**Source information**

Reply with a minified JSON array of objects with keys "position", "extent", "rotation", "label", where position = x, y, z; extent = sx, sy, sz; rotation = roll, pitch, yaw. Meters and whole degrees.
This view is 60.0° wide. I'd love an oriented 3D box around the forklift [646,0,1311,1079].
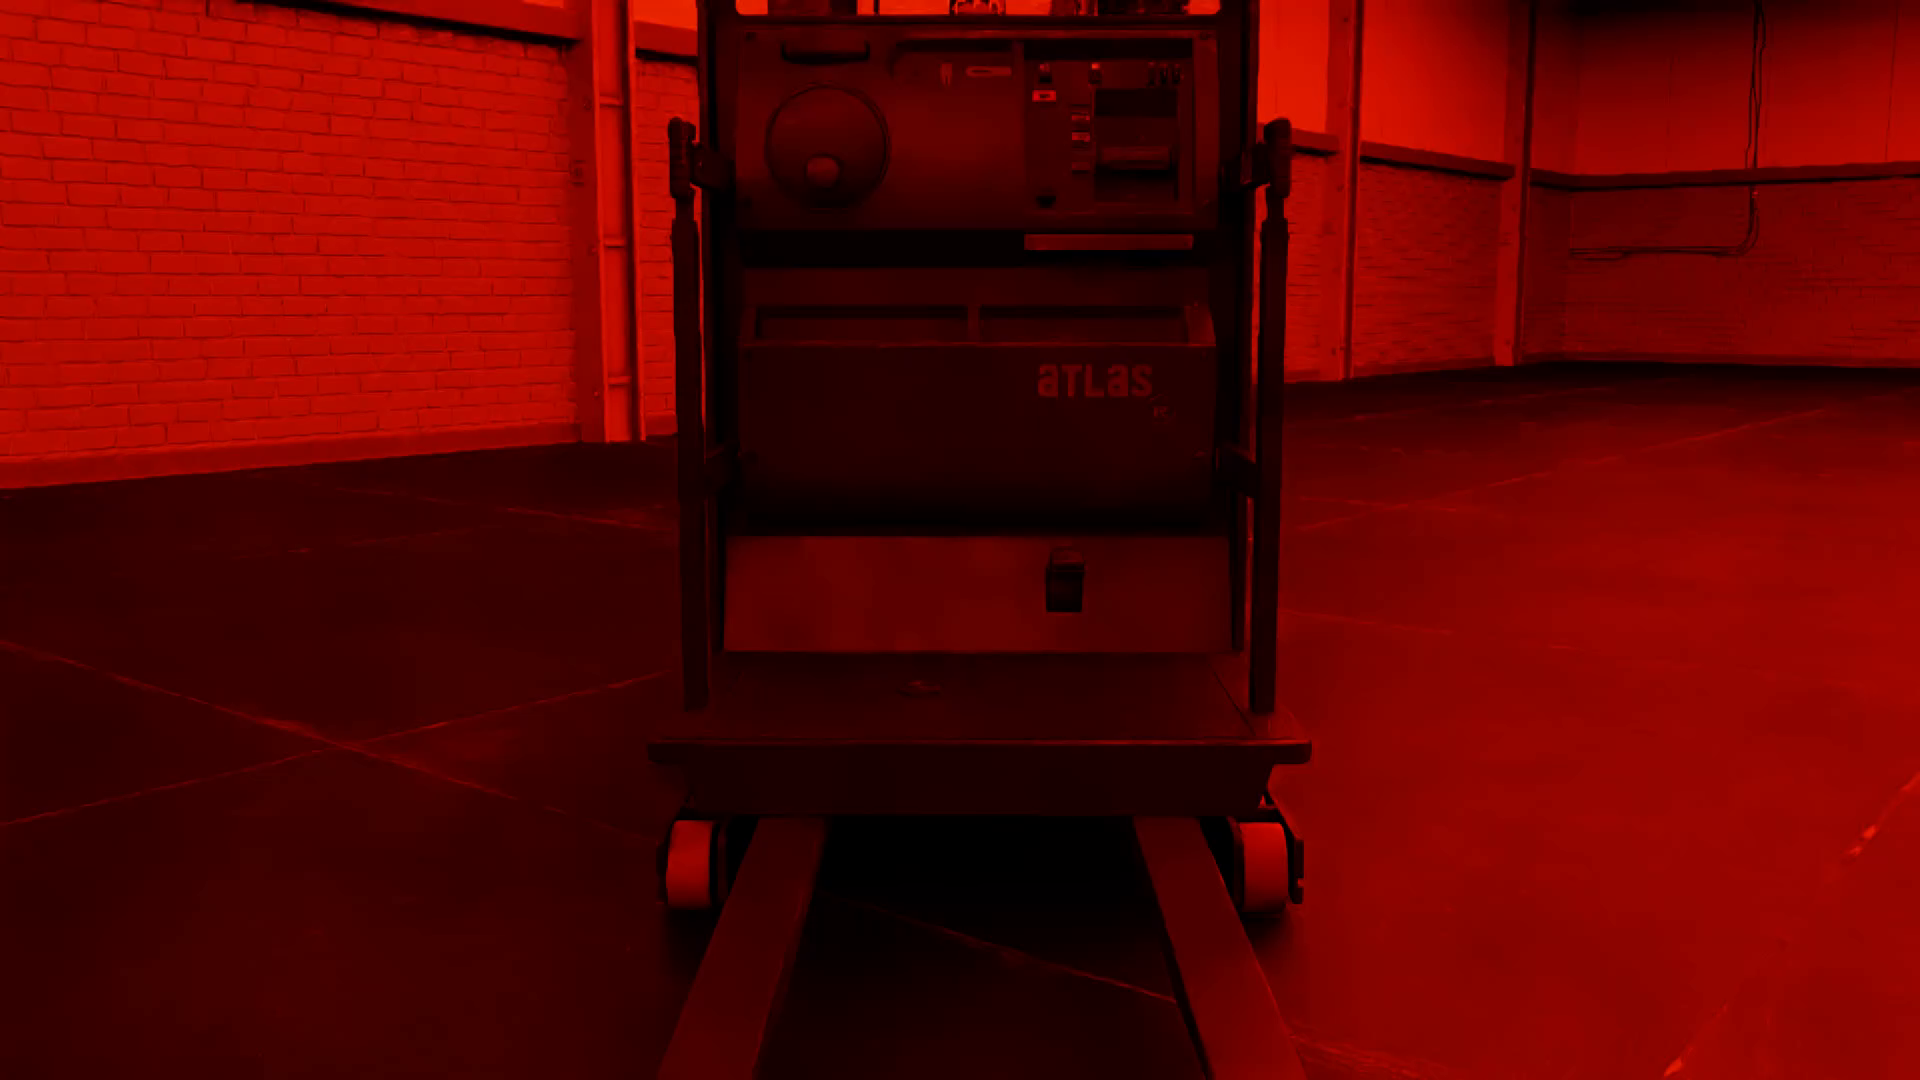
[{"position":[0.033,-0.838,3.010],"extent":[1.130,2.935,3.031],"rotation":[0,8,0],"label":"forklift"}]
--
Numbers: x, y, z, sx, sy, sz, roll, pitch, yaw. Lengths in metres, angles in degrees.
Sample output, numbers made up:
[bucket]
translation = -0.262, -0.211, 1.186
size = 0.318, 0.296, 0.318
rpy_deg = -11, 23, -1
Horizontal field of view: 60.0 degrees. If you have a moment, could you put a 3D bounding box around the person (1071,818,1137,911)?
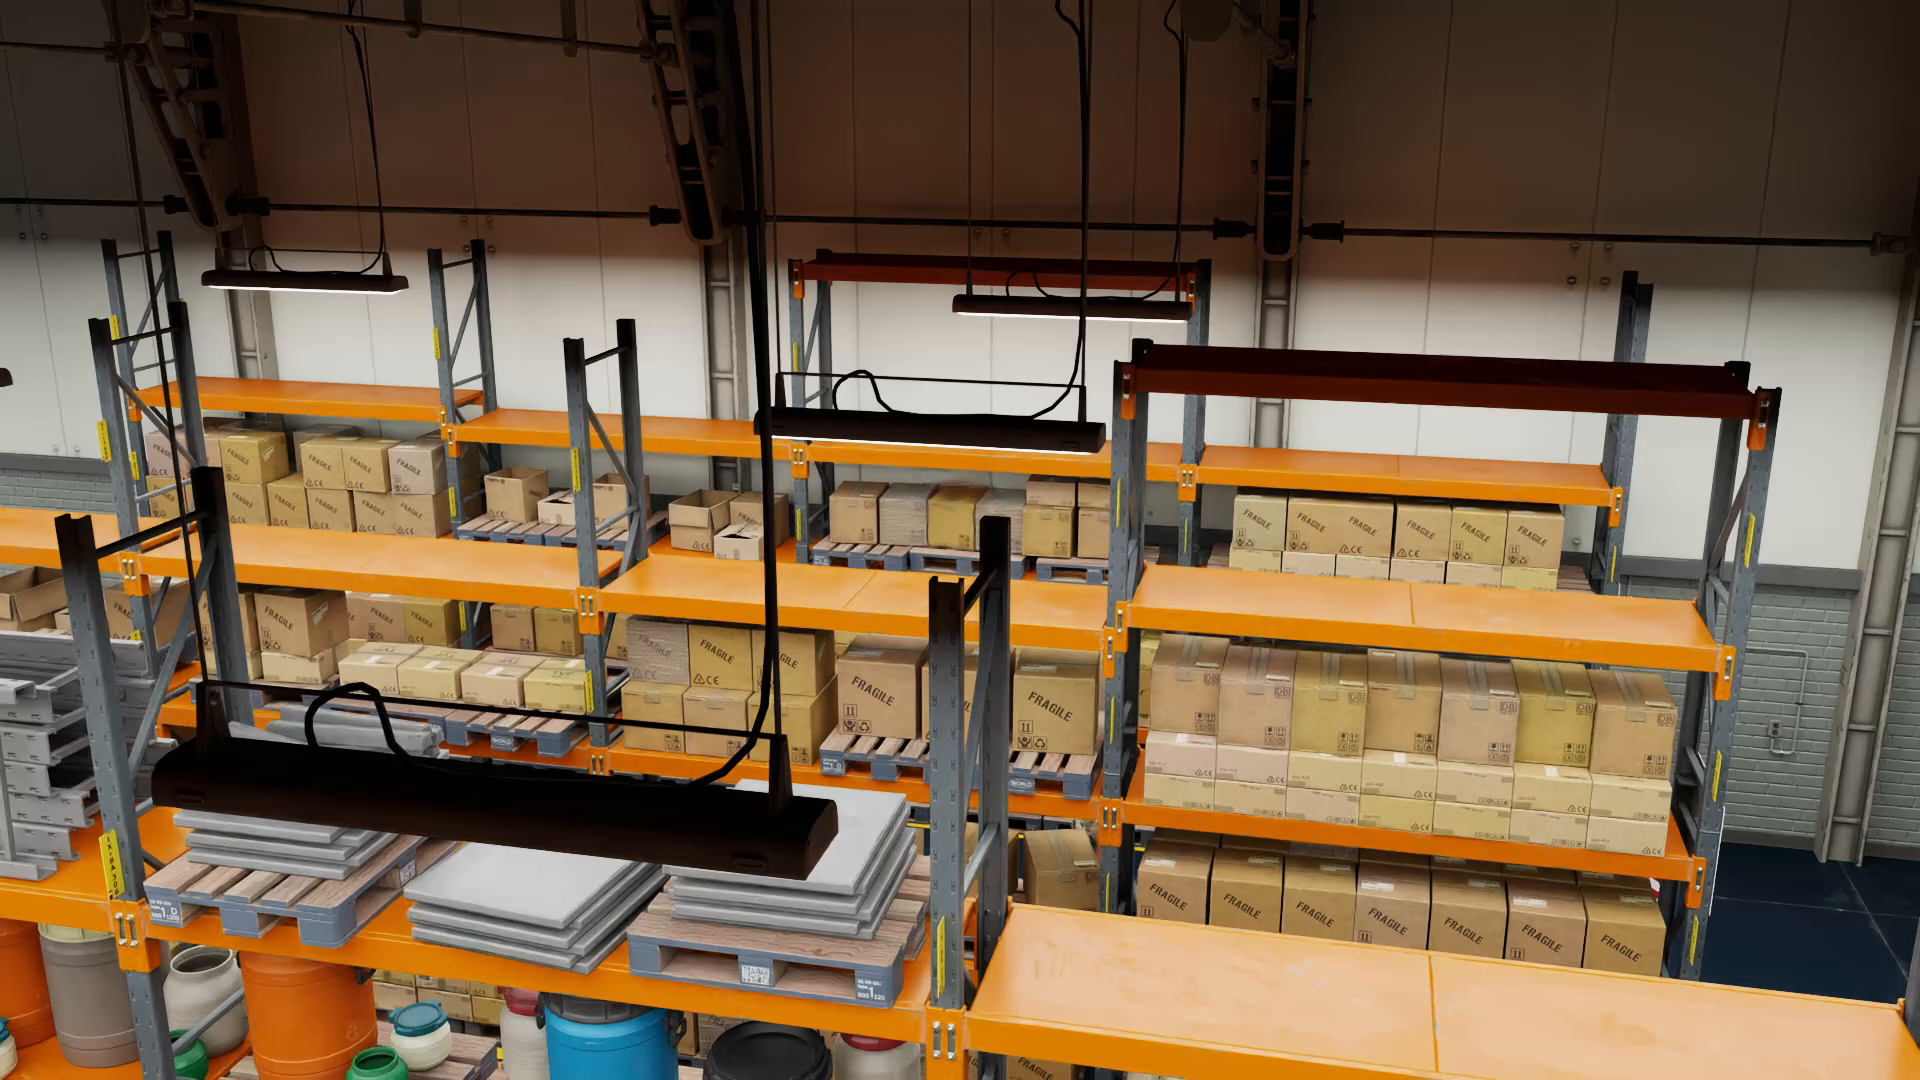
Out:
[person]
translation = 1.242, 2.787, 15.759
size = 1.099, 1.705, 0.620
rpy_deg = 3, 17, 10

**What you have to do**
The answer should be only a number: the count of lines in the listing above that contain the word "pitch".

**Your response**
2